Task description: From the line containing "inscriptions: collector's mark: Lugt 195" through the last line of the entries below, repeat each line word for word and leave out the rest.

Supplied records:
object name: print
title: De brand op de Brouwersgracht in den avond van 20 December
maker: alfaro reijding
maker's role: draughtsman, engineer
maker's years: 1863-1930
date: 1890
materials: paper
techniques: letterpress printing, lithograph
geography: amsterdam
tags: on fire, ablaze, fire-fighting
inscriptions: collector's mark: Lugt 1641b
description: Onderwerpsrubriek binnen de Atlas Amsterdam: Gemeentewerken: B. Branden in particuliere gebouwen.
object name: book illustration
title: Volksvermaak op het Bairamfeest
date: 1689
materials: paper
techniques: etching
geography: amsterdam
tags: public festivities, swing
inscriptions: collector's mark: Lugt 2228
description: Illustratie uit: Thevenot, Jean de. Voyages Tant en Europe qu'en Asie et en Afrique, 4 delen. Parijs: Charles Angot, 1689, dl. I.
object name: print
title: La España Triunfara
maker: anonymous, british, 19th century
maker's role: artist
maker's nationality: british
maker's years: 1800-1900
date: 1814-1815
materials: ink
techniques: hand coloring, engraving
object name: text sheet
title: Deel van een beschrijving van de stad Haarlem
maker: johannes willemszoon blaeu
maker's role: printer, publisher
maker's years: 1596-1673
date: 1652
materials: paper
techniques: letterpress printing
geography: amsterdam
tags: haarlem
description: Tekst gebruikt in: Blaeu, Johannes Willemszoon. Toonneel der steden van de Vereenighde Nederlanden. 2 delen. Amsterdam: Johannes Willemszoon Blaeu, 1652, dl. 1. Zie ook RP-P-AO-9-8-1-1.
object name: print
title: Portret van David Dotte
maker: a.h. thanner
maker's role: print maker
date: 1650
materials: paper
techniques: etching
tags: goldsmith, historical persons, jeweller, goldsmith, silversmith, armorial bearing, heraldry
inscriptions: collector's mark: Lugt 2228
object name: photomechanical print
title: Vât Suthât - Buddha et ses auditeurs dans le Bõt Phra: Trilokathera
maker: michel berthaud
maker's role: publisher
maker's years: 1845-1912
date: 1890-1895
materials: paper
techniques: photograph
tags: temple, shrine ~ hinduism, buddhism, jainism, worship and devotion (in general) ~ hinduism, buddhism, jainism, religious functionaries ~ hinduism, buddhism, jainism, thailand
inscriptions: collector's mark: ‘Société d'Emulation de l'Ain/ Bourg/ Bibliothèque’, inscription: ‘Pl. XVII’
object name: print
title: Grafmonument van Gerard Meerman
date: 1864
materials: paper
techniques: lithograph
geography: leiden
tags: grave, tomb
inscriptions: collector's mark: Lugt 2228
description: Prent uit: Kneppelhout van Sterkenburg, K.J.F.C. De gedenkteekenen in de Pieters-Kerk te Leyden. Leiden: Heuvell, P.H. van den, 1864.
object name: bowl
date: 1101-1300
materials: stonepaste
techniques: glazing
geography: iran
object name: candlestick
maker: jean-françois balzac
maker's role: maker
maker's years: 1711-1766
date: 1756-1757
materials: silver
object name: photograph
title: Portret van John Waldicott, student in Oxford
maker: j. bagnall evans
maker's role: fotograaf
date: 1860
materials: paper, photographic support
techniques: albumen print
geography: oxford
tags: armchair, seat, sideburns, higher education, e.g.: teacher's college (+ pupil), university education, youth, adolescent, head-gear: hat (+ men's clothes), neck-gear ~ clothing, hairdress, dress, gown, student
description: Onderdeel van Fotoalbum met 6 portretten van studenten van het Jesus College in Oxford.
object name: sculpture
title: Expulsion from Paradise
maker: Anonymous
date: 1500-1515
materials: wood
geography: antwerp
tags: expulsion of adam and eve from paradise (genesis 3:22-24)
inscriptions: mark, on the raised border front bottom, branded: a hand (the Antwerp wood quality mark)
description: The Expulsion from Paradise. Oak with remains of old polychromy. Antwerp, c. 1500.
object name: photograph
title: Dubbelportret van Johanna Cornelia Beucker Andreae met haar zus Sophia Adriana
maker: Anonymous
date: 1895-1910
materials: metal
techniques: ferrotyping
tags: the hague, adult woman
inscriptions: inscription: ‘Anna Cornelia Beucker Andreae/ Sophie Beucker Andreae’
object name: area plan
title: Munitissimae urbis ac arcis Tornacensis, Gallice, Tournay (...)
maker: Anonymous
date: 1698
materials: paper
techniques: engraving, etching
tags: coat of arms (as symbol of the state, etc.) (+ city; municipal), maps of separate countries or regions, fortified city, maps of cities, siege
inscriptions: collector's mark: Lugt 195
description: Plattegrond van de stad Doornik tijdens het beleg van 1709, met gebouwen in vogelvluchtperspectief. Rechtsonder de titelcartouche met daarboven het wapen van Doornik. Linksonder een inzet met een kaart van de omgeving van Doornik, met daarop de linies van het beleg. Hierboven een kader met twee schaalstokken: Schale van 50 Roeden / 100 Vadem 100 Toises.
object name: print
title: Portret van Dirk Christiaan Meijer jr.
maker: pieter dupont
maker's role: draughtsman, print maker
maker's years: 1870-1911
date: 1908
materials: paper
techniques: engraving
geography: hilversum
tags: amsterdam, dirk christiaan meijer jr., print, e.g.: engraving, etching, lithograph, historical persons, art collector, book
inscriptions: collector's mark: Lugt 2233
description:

Exercise result:
inscriptions: collector's mark: Lugt 195
description: Plattegrond van de stad Doornik tijdens het beleg van 1709, met gebouwen in vogelvluchtperspectief. Rechtsonder de titelcartouche met daarboven het wapen van Doornik. Linksonder een inzet met een kaart van de omgeving van Doornik, met daarop de linies van het beleg. Hierboven een kader met twee schaalstokken: Schale van 50 Roeden / 100 Vadem 100 Toises.
object name: print
title: Portret van Dirk Christiaan Meijer jr.
maker: pieter dupont
maker's role: draughtsman, print maker
maker's years: 1870-1911
date: 1908
materials: paper
techniques: engraving
geography: hilversum
tags: amsterdam, dirk christiaan meijer jr., print, e.g.: engraving, etching, lithograph, historical persons, art collector, book
inscriptions: collector's mark: Lugt 2233
description:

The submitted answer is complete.